Warning as Skorpion pistols that fire 850 bullets a minute used in UK

An organised crime expert has said it would be “extremely worrying” if criminals were using Skorpion machine pistols on UK streets. Dr Keith Ditcham, from the Royal United Service Institute’s Organised Crime and Policing Research Group, said there were indications criminals are now more willing to use “extreme measures” including firearms.

Olivia Pratt-Korbel, aged nine, was tragically caught in the crossfire of gang violence when she was shot dead in her own home by murderer Thomas Cashman, 34, in Liverpool on August 22 last year.

Little Olivia died after she was hit in the chest by a bullet meant for convicted burglar Joseph Nee who had been pursued by Cashman to her front door. Cashman was sentenced to at least 42 years in prison on Monday for her murder.

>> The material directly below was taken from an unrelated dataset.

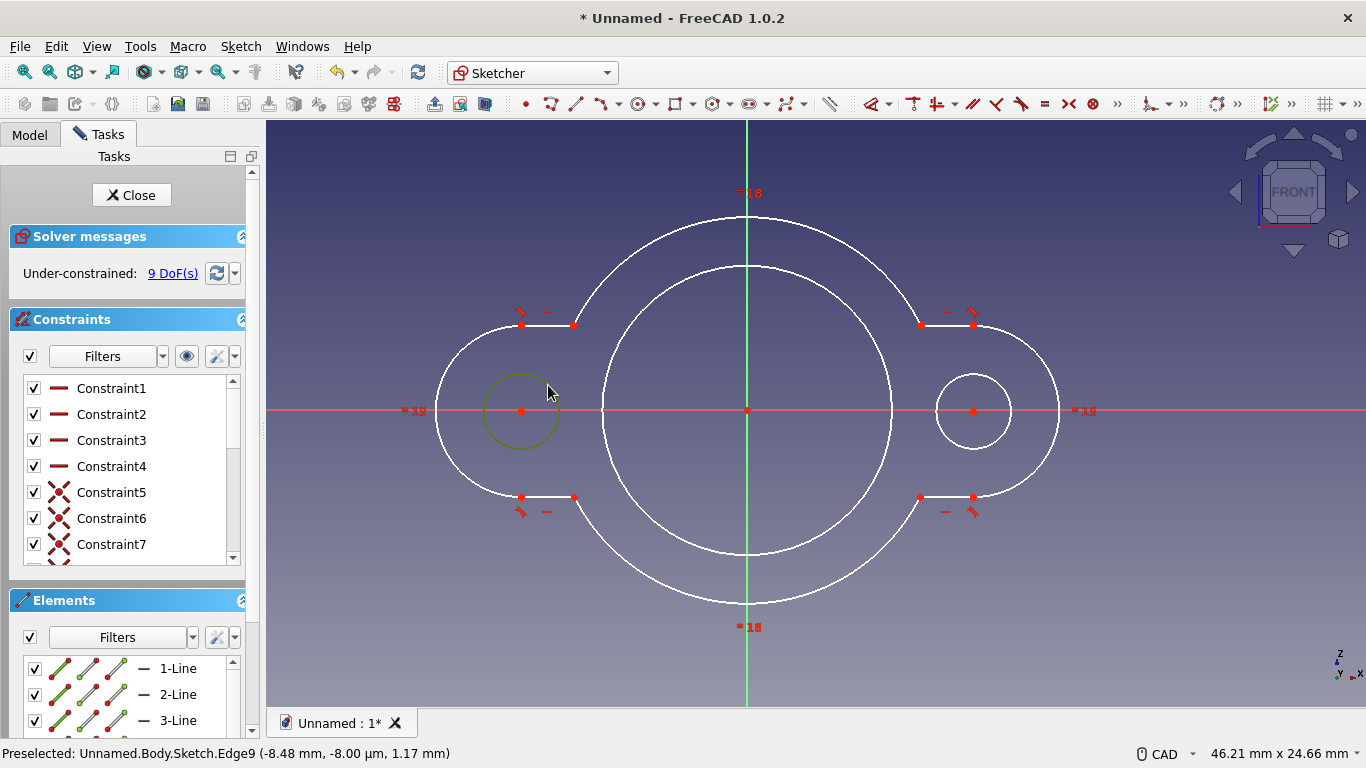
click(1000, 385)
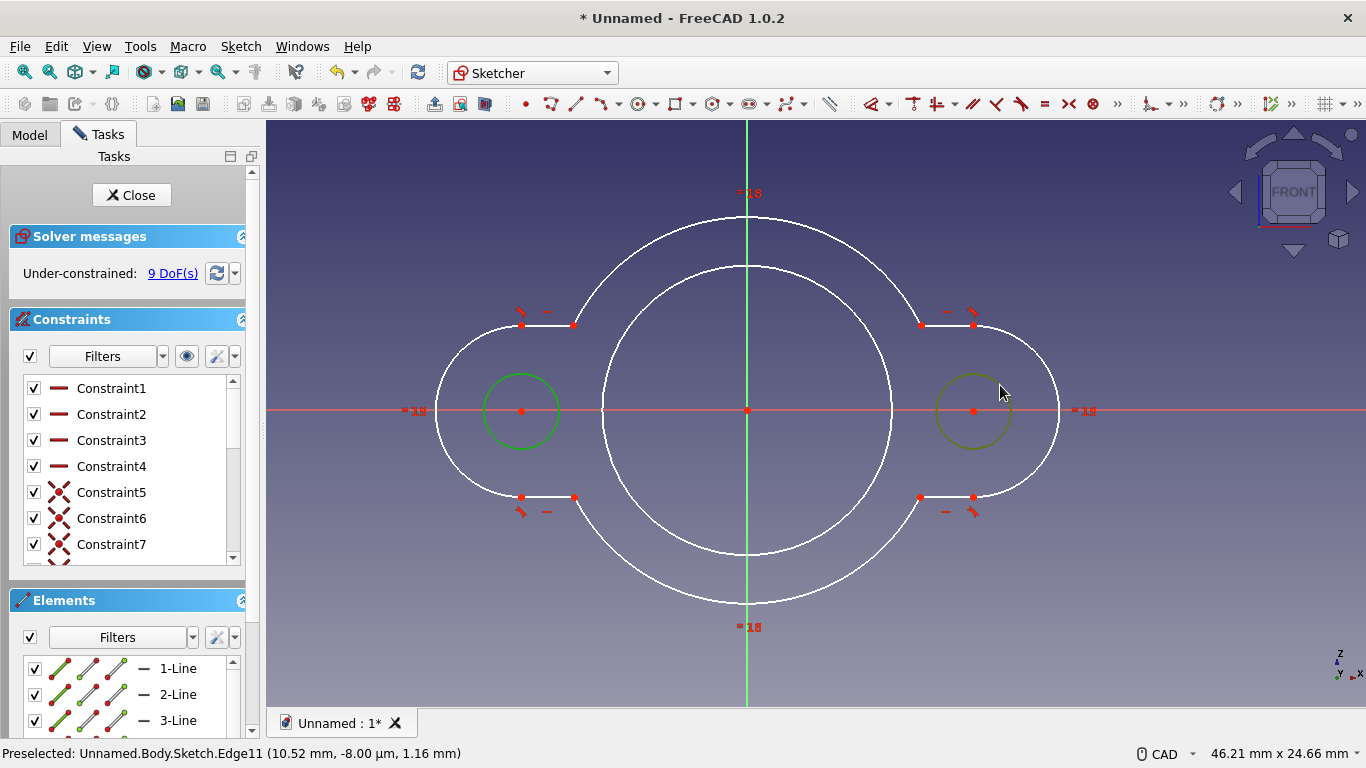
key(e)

Merseyside Police revealed that guns are increasingly being used by gangs in the city with a terrifying Czech machine pistol called a Skorpion appearing on the streets. The firearm is capable of spraying 850 bullets a minute.

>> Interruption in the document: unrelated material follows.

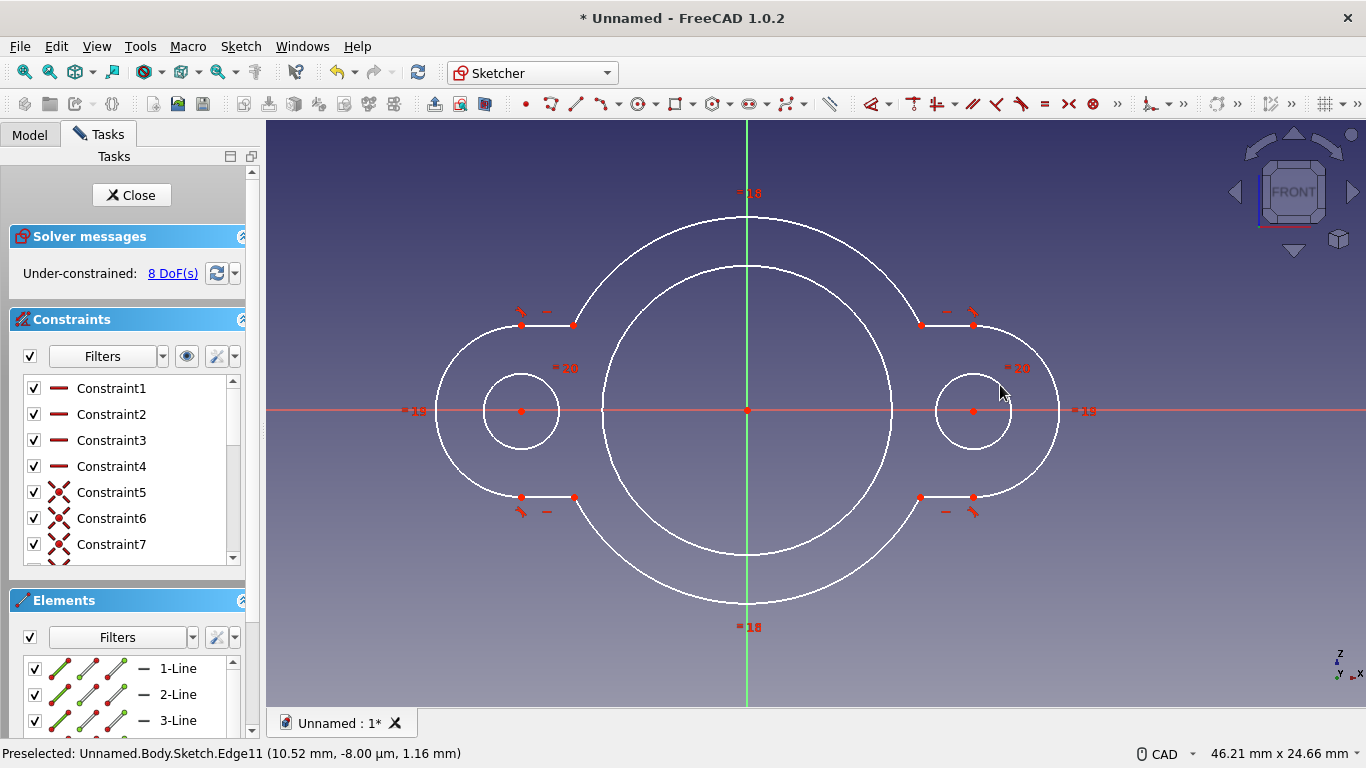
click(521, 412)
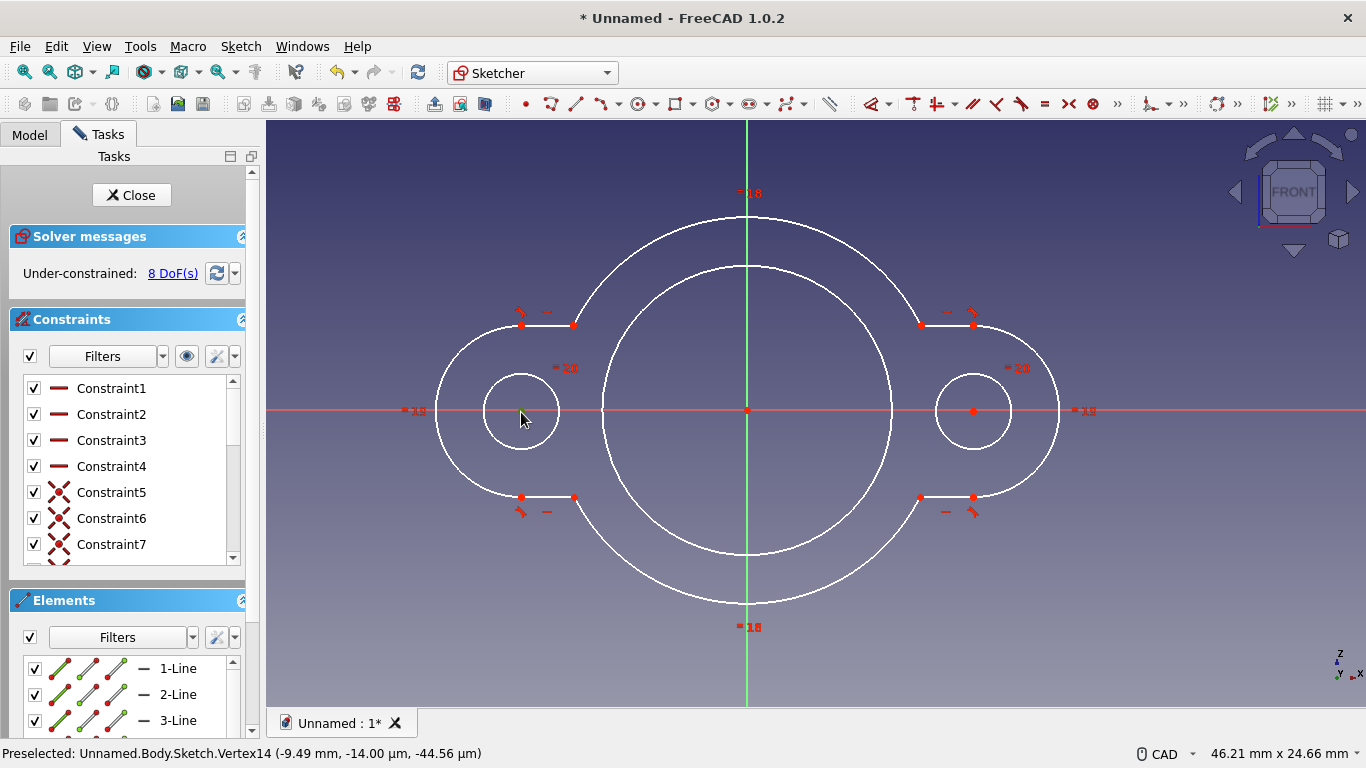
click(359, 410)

Olivia died as the result of a gunshot from a revolver but three other people shot in Merseyside were killed using the Skorpion weapon and it’s reported at least two of them, like Olivia, were not the intended target.

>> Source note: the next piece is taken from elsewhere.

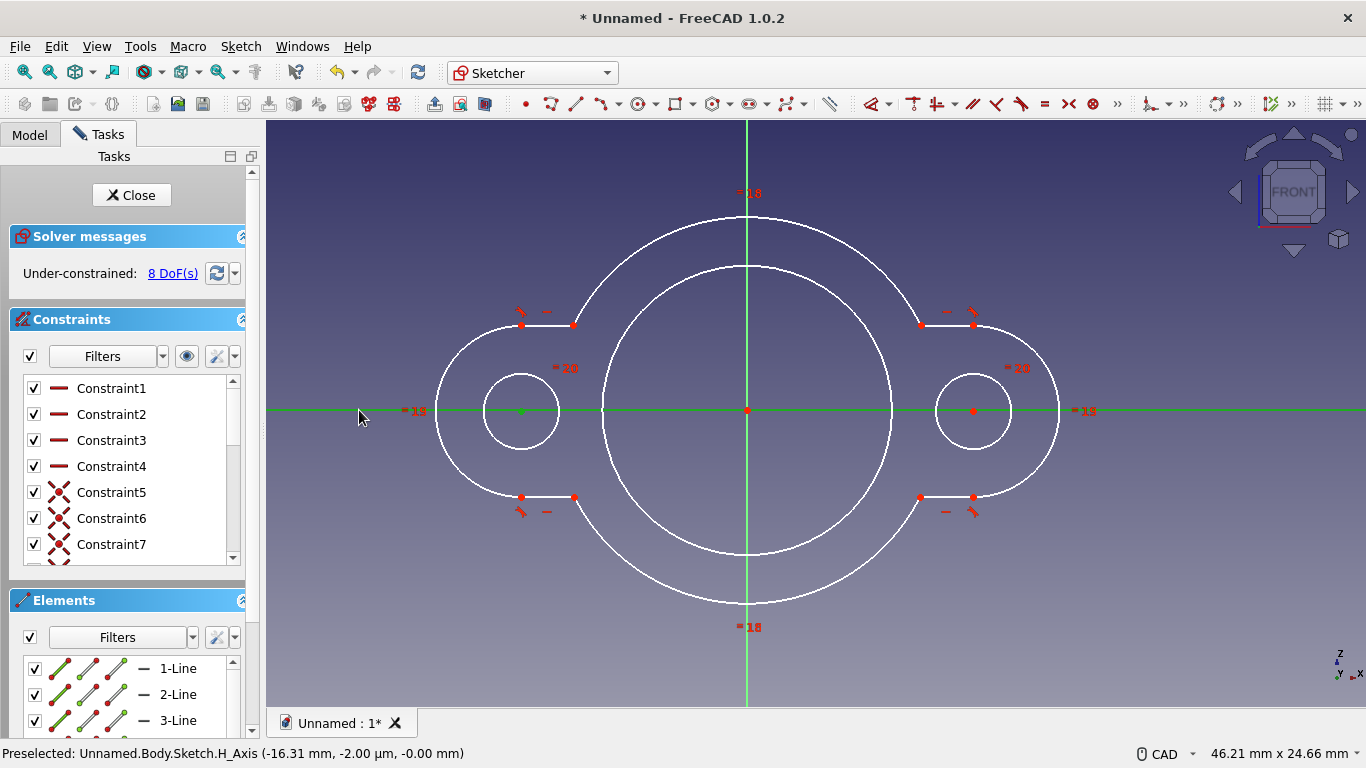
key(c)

Dr Ditcham, who is Acting Director and Senior Research Fellow in RUSI’s Organised Crime and Policing Research Group, warned if criminals were choosing to arm themselves with weapons like the Skorpion it would be “extremely worrying”.

He told “Reading some background behind the Skorpion handgun, Merseyside Police say they have seized more of these machine pistols.

“If, and it is an ‘if’, we see more of those weapons on the streets then there is a greater risk to the public, because they spray out a large number of bullets and stop anything that comes in contact.

“When you’re running and discharging a firearm it is actually quite difficult to be accurate, even a trained police marksman will find that quite difficult, in fact I think they are trained to stop and fire, not run and fire.

“So the thought of someone like a criminal not trained in the use of a firearm running and firing something like a machine pistol, or any firearm, is extremely worrying.

“Thankfully this is rare, but that’s not to say it couldn’t happen. It’s right to be concerned about it.”

Dr Ditcham said there were wider concerns around organised crime becoming more willing to use “extreme measures” as they battled over control of interests like drug supply chains.

He said: “I think there are indications that some criminal groups, in order to gain and maintain control of their criminal enterprise, often drugs related, are willing to resort to more extreme measures in order to maintain their market share.

“Some of that could involve the use of firearms, some of that could involve the use of criminal exploitation, or exploiting children, and using torture and God knows what to achieve compliance.

“There are indications that criminals are more willing to use extreme measures, and I think that use of firearms is indicative of that trend.

“People getting caught in the cross-fire is a concerning issue, the killing of another person, any victim, is still of concern whether they are a criminal or not.

“Whoever dies it still doesn’t make it any more palatable and it’s still murder at the end of the day.

“It’s probably too early to say it is indicative of organised criminals to arm themselves and indiscriminately fire upon members of the public. I would caution against saying that.”